Хозяин сразу засуетился. Стал расспрашивать, кто его знатные гости. Даже рот открыл, когда узнал, что его почтили посещением сам герцог с женой. С женой?.. Он-то поначалу решил, что это его дочь. Хорошо, что предупредили. Теперь он уступит лотарингской чете свою комнату. Не бог весть что, но там имеется глиняная печурка, на кровати – недавно сшитое овчинное покрывало. Есть даже окошко, затянутое бычьим пузырем. Однако он не уверен, что его скромных припасов хватит, чтобы угодить светлейшему герцогу и досыта накормить всех господ воинов.
Эврар хмыкнул так, что зазвенела кольчуга. Неужели этот трактирщик осмелился надеяться, что его господин притронется к убогой пище постоялого двора? Нет, они имеют с собой достаточно, чтобы не знать ни в чем нужды. Воин вышел с хозяином и его домочадцами к одной из телег, где в свертках была упакована провизия: пшеничные лепешки, свиное сало, буженина, сушеная оленина, два бочонка с рейнским вином.
Вскоре в котелке над огнем весело булькала похлебка, а хозяйка, судорожно глотая слюну, резала на дощечке душистую буженину.
Эмма присела на скамью подле мужа. Он даже не поглядел в ее сторону. Эмме была непонятна его неприязнь. Ведь до венчания герцог вел себя совсем иначе, был заботливым, учтивым. Она думала, что сможет стать ему доброй женой из благодарности – после отречения от нее Ролло к ней все относились равнодушно, если не сказать враждебно. Теперь же она – герцогиня Лотарингии, по статусу ничем не уступающая своему прежнему мужу. Как же ей хотелось, чтобы он узнал об этом, чтобы не думал, что брошенная им женщина пропала в безвестности.

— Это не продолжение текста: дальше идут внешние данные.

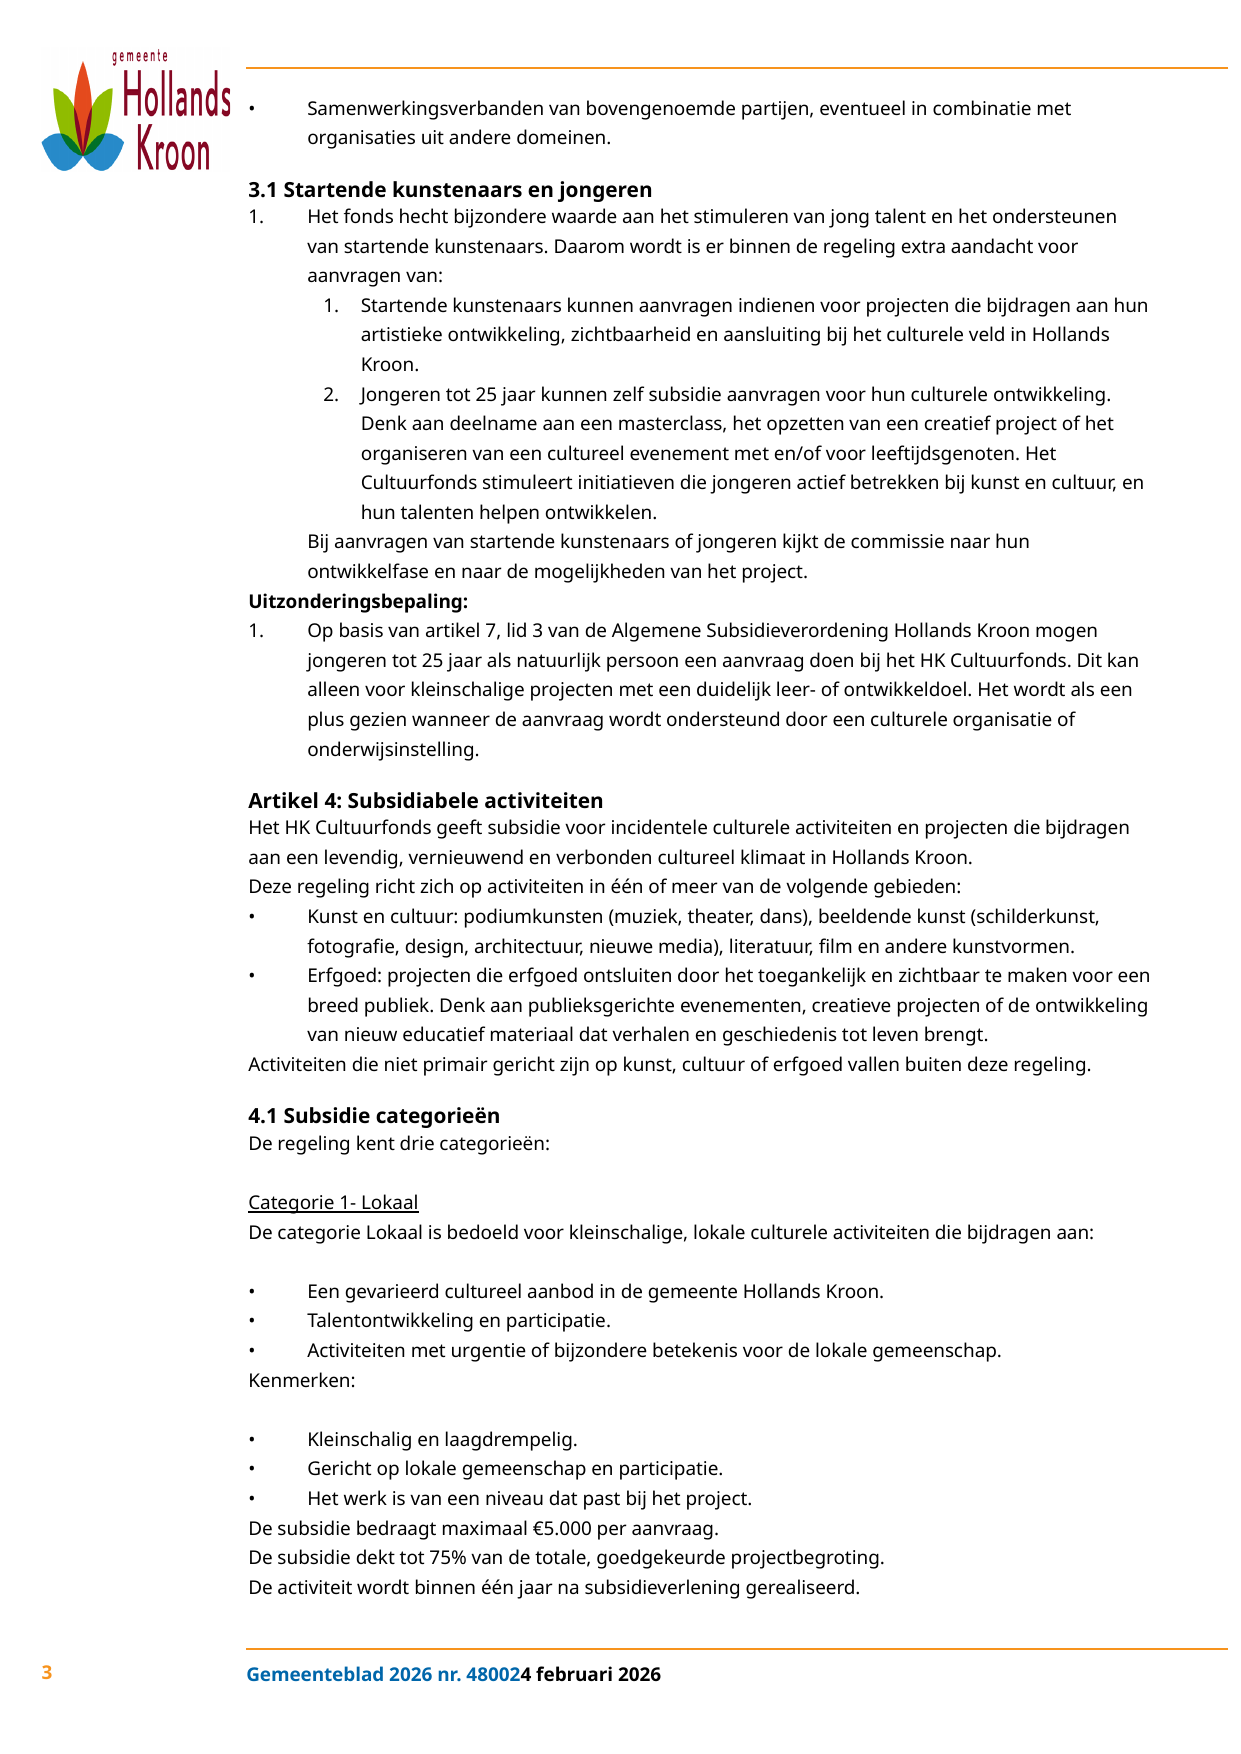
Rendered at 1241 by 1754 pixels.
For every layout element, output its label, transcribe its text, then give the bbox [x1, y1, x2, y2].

Но сын… малыш Гийом, которого ей не суждено больше увидеть! Эмма сцепила зубы, чтобы не застонать, и заставила себя улыбнуться служанке, которая поднесла ей миску с похлебкой. Ей не следует думать о Гийоме!.. Лучше не вспоминать… об этих маленьких пухлых ручонках, которые тянулись к ее груди, о том, как нежно он посапывает во сне и что-то лепечет, причмокивая губками… Господи, как выдержать эту боль?!
Нет, ей надо убедить себя, что малышу лучше оставаться с отцом. Ролло любит его, и малыш ни в чем не будет нуждаться. С ним преданные люди – кормилица Сезинанда и ее муж Беренгар, преданный Ботто и его хозяйственная жена. Да, малыш в надежных руках. И если он не будет знать матери… Что ж, в этом не ее вина! И лучше не думать о прошлом, иначе она не выдержит и вновь разрыдается на глазах у не понимающих ее людей. Нет, она не станет жаловаться, не хочет, чтобы кто-то заподозрил, как ей плохо, как хочется спрятаться от всех и плакать, плакать, плакать…
– Ну вот, – она погладила себя по животу, – и жизнь уже не кажется такой невыносимой!
Она произнесла это как ни в чем не бывало, голосом довольного жизнью человека. Воины, сидевшие за столом, рассмеялись этой безыскусной шутке. Сразу стало шумно. Воины что-то отвечали герцогине с той фамильярностью, какая допускается в пути. Она отшучивалась. Но, обернувшись, она встретила удивленный взгляд Эврара Меченого.